Jared shook his head as if denying some discreditable imputation.
“I’ve had nothing to do with the Boy Scouts since the day I was kicked out of—that is, since I left the Black Wolf troop in New York.”
“Dum glad of it, though you never tole me what you quit for,” muttered the old man.
“But to get back to that money,” said Jared; “as I told you when I got back from the Isthmus, I need it. Need it bad, too, or I wouldn’t ask you.”
“Makes no diff’rence. What d’ye want it fer,—hey?” he repeated, coming back to his original question.
Jared decided that there was nothing for it but to tell the truth.
“To go over what I told you the other night once more, I’m in debt. Debts I ran up on the Isthmus,” was the rejoinder. “A chap can’t live down there for nothing you know, and—”

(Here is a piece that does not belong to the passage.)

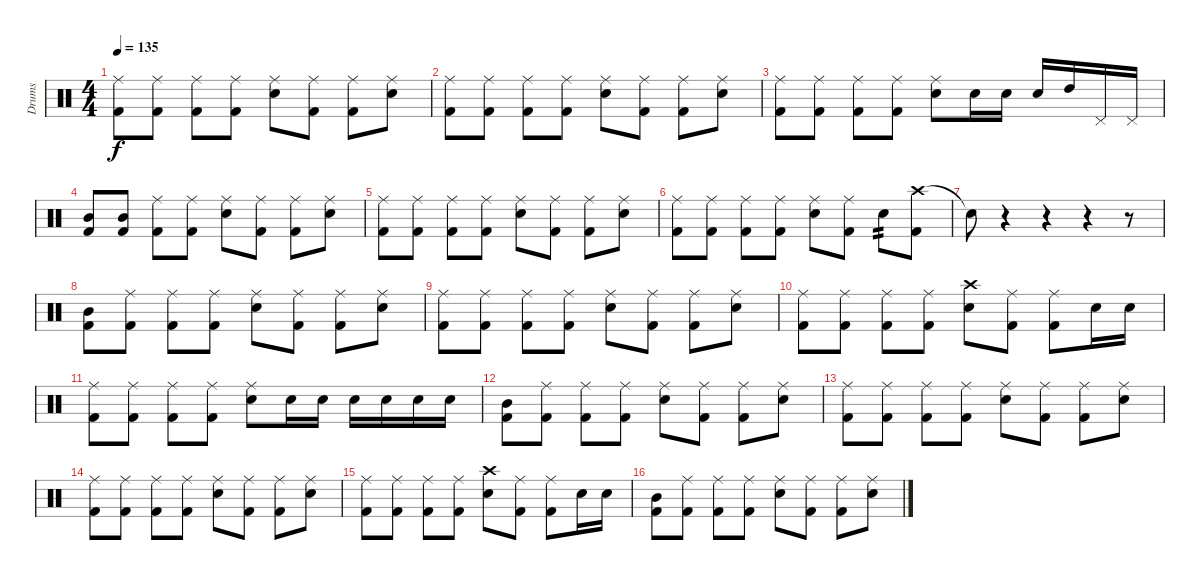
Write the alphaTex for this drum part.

“By heck! You got a dern good salary as Mr. Mainwaring’s sec’ty, didn’t yer, an’ a chance ter learn engin-e-ring thrun in. You git fired fer misbehavin’ yerself an’ then yer come down on the old man fer money. I ain’t goin’ ter stand it, I ain’t, and that’s flat!”
The old man knocked the ashes out of his half-smoked pipe with unnecessary violence. Jared, eying him askance, saw that his father was working himself up into what Jared termed “a tantrum.” Taking another tack, he resumed.
“Sho, pop! It ain’t as if you weren’t going to get it back. And there’ll be interest at six per cent., too.”